Il sogno dello scorpione, il nuovo libro di Salvatore Niffoi
«Whatever it takes», sembra dirlo anche Salvatore Niffoi nel suo nuovo romanzo Il sogno dello scorpione, sullo sfondo la pandemia, una febbre che lui chiama Cajentura.
Scrive in italiano e pensa in sardo: lo scrittore sfonda il muro dei 70 anni ma proprio non riesce a smettere di anticipare tempi. Precede con parole messe in fila gli eventi mentre, semplicemente, accade che lui stenda una bozza di romanzo e che questo, regolarmente, diventi una premonizione virale. È andata così anche per le sue donne di Orolè, per le vedove scalze, per chi vende metafore e ancora per i suoi miracoli a colpi di bastone. Con i suoi lavori si è accaparrato il premio Campiello senza staccare mai i piedi da terra: Orani è la sua isola.
Tradotto in più lingue, l’esponente della Nuova letteratura sarda dichiara: «La scrittura è femmina e, essendo un atto d’amore, ha suoi tempi precisi di seduzione, tra concepimento e gestazione alcuni personaggi chiedono si sparire dalle storie, altri pretendono di entrarci, prima sono bulimici poi anoressici.»
Il sogno dello scorpione se ne sta fermo per anni, almeno da quando un ennesimo terremoto scuote il Giappone e uno tsunami provoca il disastro di Fukushima; rimane, come tutte le cose scritte, immobile ad aspettare un epilogo. Ed eccolo: arriva insieme al Covid 19, quando forse neanche l’autore sarebbe riuscito a prevedere che la realizzazione di una visione tanto astratta si avverasse, simmetrica e inquietante, nella vita vera di qua e di là dei balconi di casa nostra. Lo scenario desolato che questo virus ha saputo imporre al pianeta era scritto da anni in questo romanzo oggi edito da Il Maestrale.
Un finale che gli rotola in testa a lungo, nascosto sotto macerie di impegni da chiudere, difficile da raggiungere quanto spegnere il mondo e le storie. Complicato dal disperato ottimismo di una scrittura che si rifiuta di deframmentare, insieme a Zygmunt Bauman e agli interpreti Fellé e Taniella, l’idea della morte. E tramite i suoi protagonisti avanza invece un’idea di salvezza: lasciare il mondo non è più grave di restarci senza rispettarlo. E ancora informa che restarvi, rivolti alla sedativa ricerca di banalità, porta a follie collettive.

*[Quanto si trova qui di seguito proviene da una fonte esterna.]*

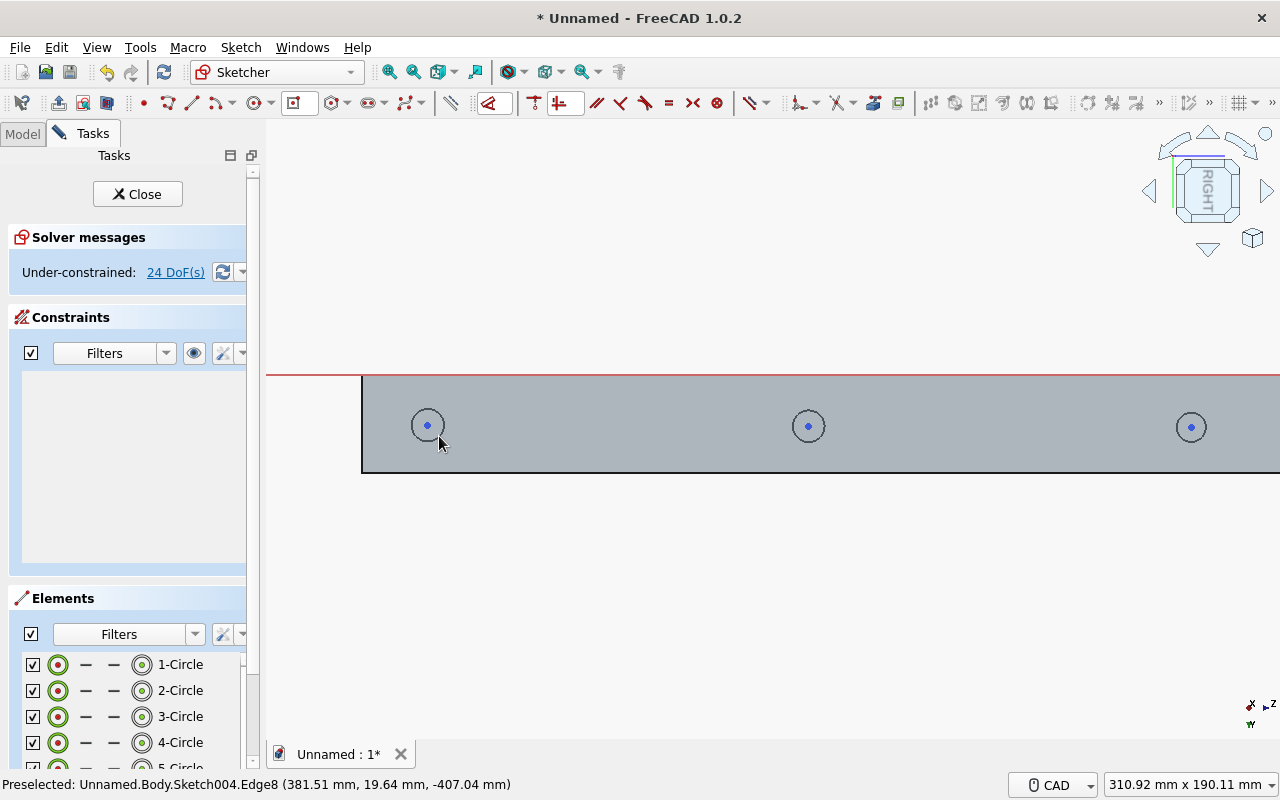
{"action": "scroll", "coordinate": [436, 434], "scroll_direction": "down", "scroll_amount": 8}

Con Carlo Salinari, suo ispiratore e professore universitario, continua a vedere la cultura come riscatto e unico ascensore sociale, a credere al fatto che il paradiso sia qui. Non che gli vada molto di parlare, ha appena perso un amico che stima, Piero Mannironi, storica firma del giornalismo. Cerca, con la voce fatta di soli pensieri, di procedere a consegnare la normalità di cui ha fretta l’Universo. Lo fa con un libro.
«Un’altra storia fottutissimamente sarda, - spiega - due esseri umani ballano nel mondo, nella parte biblica c’è il serpente e la mela, nell’orto è scoppiata la primavera in anticipo e le gelate non hanno scoraggiato le fresie, lo ammetto è autobiografico – ride Salvatore Niffoi – come quando ero piccolo e mio nonno mi suggeriva “fottitene Salvatorino che per dormire ci sarà tempo”. Io resto un insonne totale.»

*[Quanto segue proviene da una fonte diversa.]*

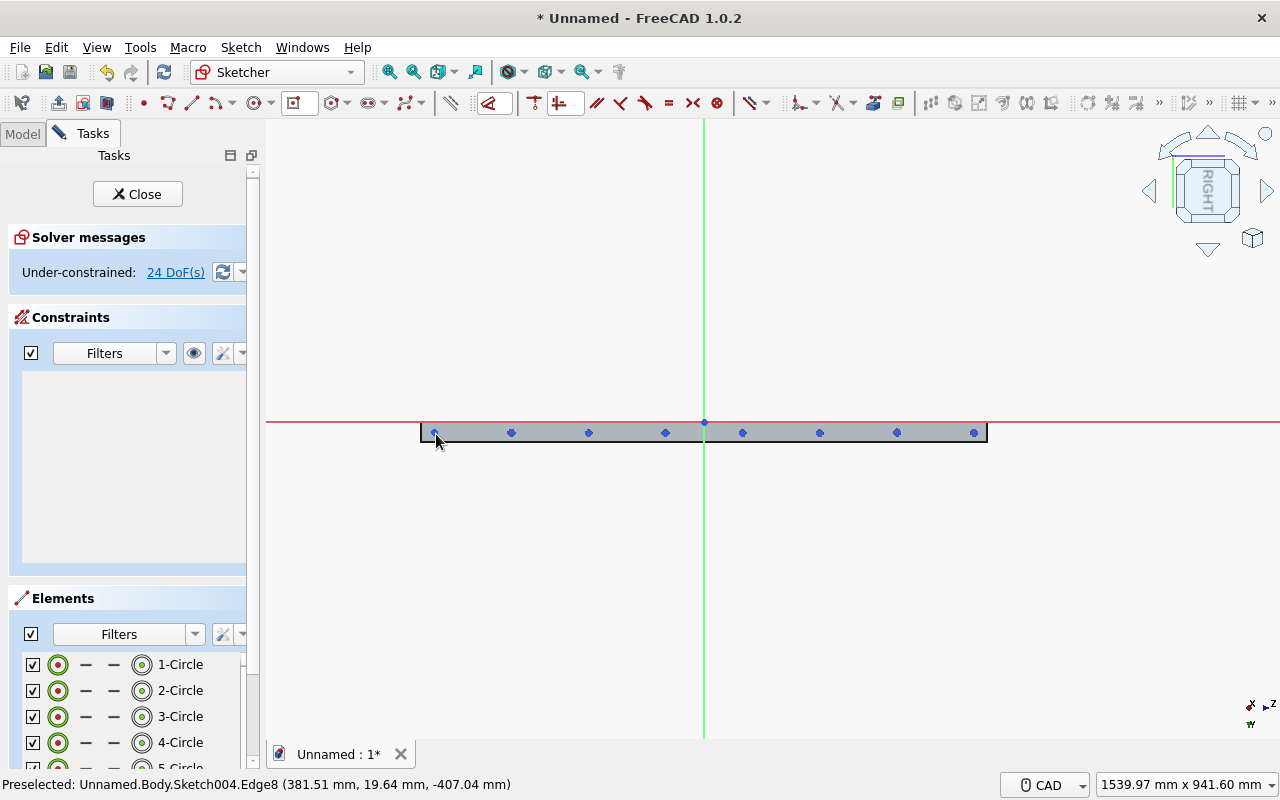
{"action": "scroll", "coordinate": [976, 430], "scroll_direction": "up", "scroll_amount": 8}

E se l’unica vincita certa della lotteria della vita è la morte, giusto il tempo di lasciare qualche ricordo, protagonista resta la riflessione sulla capacità umana di gustare la normalità; per continuare a vivere non serve che un nuraghe e il sogno altro non è che un anticipo di realtà. È tutto quel che basta, ma è anche a ogni costo.

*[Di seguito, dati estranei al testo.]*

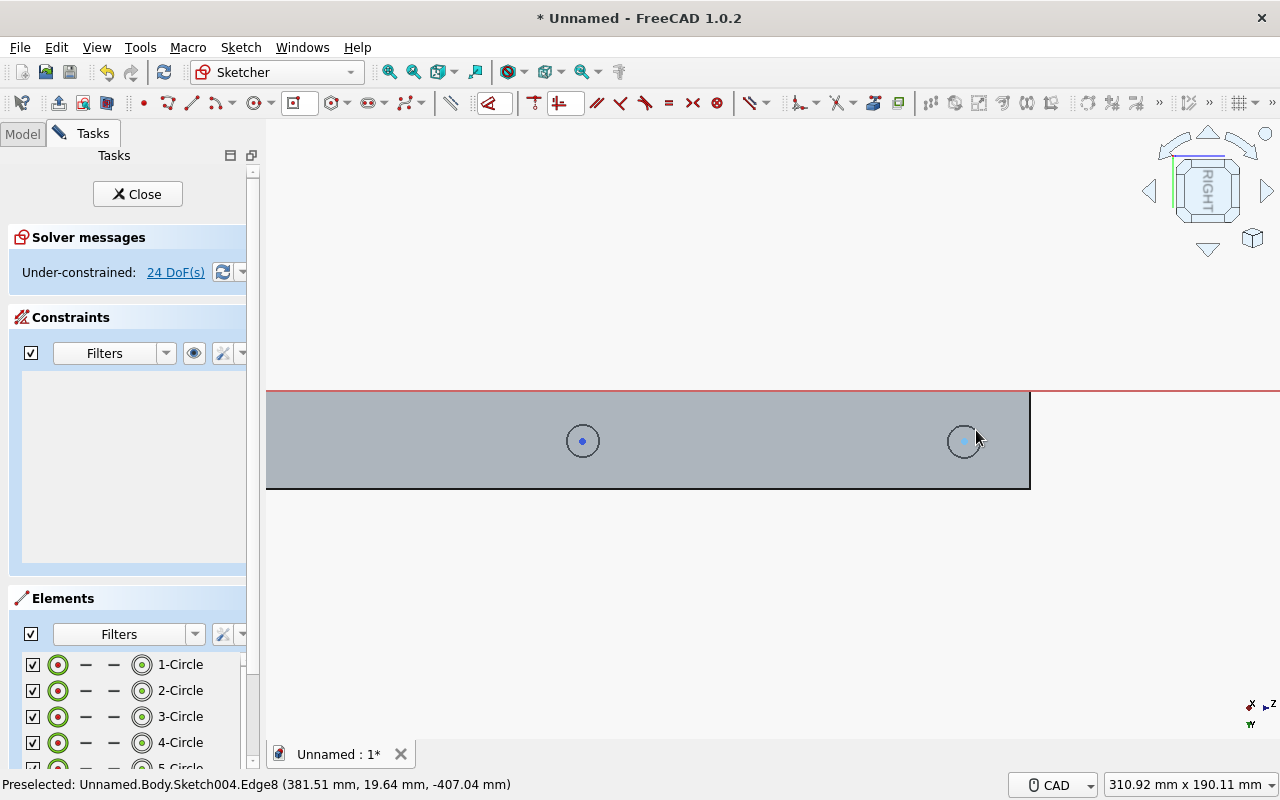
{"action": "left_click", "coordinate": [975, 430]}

«L’uomo si crede proprietario assoluto della terra, invece deve ricordarsi che è un ospite provvisorio, molto provvisorio. Ancora una volta in questo mio lavoro racconto di chi cambia e ha un potere, di chi ama e preferisce non sopravvivere all’amore della propria vita. Spegne la luce e va via. E poi ancora parlo di chi attraversa la peste che sta in ogni epoca. La scoperta nasce da mio nonno materno, in miniera era il guardiano alla polveriera, un uomo rivoluzionario e moderno. Istruito alla scuola Radio Elettra, conservo ancora le sue dispense, da solo ha costruito il nostro primo televisore e quando accendendolo, nel caos ordinato della sua stanza da inventore, girando un pomello gigantesco tra lo sfrigolio dei suoni, sul video è apparsa una nevicata e il simbolo della Radio Televisione Italiana, è stata magia allo stato puro. Miracoli della tecnologia che mi hanno costretto fin da bambino a sognare; mio nonno era un uomo modernamente antico e quando doveva dare consigli molto seri addirittura balbettava. Fu lui a dirmi, quando per la prima volta vidi l’aeroplano: “Fosse per me non l’avrei neanche inventato, il cielo è per gli uccelli, la terra per gli uomini e l’acqua per i pesci”.»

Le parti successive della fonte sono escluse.